Claim #1: $D_{H}(A,B)=\sup_{a\in A,b\in B}|a-b|$
Proof of Claim #1: Pick any $x\in A$ and $y \in B$. Then $$\inf_{a\in A,b\in B}|a-b|\leq |x-y| \leq \sup_{a\in A,b\in B}|a-b|$$ This implies $$\inf_{a\in A,b\in B}|a-b| \leq \sup_{a\in A,b\in B}|a-b|$$ and so $$D_{H}(A,B)=\sup_{a\in A,b\in B}|a-b|$$
Claim #2: For any fixed $c\in C$ we have $$\sup_{a\in A,b\in B}|a-b| \leq \sup_{a\in A}|a-c| + \sup_{b\in B}|b-c|$$
Proof of Claim #2: Choose any $x\in A$ and $y\in B$. Then $$|x-y|\leq |x-c|+|y-c|\leq \sup_{a\in A,b\in B}\Big[ |a-c|+|b-c|\Big] $$This shows $\sup_{a\in A,b\in B} \Big[ |a-c|+|b-c|\Big]$ is an upper bound of the set $$\Big\{|x-y|:x\in A,y\in B\Big\}$$ so by the definition of $\sup$ we get $$\sup_{a\in A,b\in B}|a-b| \leq \sup_{a\in A,b\in B}\Big[ |a-c|+|b-c|\Big]$$ and using this we have $$ \sup_{a\in A,b\in B}\Big[ |a-c|+|b-c|\Big]=\sup_{a\in A}|a-c| + \sup_{b\in B}|b-c|$$ So finally, $$\sup_{a\in A,b\in B}|a-b| \leq \sup_{a\in A}|a-c| + \sup_{b\in B}|b-c|$$
Claim #3: For any fixed $c\in C$ we have $$\sup_{a\in A}|a-c|\leq \sup_{a\in A,z\in C}|a-z|$$ $$\sup_{b\in B}|b-c| \leq \sup_{b\in B,z\in C}|b-z|$$
Proof of Claim #3: Choose $x\in A$ arbitrarily.

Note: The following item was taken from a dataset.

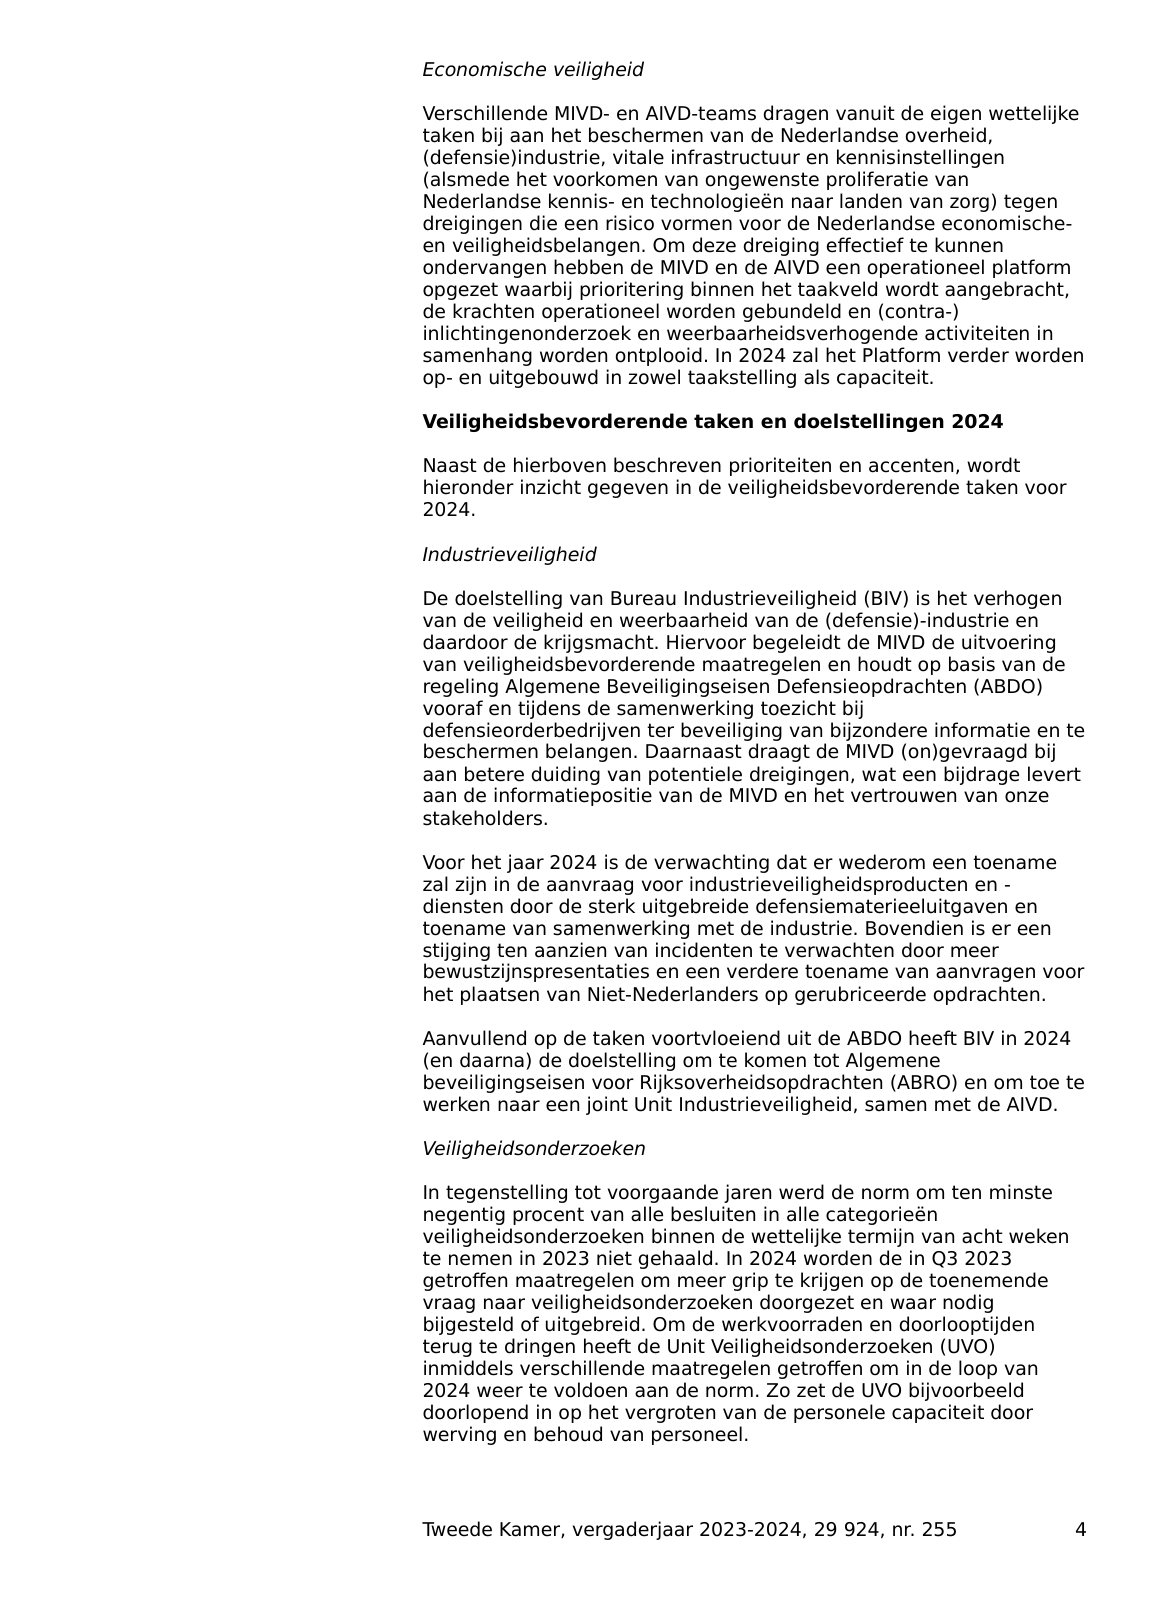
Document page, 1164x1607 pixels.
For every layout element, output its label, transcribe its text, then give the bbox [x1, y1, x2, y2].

Then $$|x-c|\leq \sup_{a\in A,z\in C}|a-z|$$ This shows $\sup_{a\in A,z\in C}|a-z|$ is an upper bound of the set $$\Big\{|x-c|:x\in A\Big\}$$ so using definition of $\sup$ we have $$\sup_{a\in A}|a-c|\leq \sup_{a\in A,z\in C}|a-z|$$ An identical argument also proves $$\sup_{b\in B}|b-c| \leq \sup_{b\in B,z\in C}|b-z|$$
Claim #4: $D_{H}(A,B)\leq D_H(A,C)+D_H(B,C)$
Proof of Claim #4: Combine all three previous claims to get the result.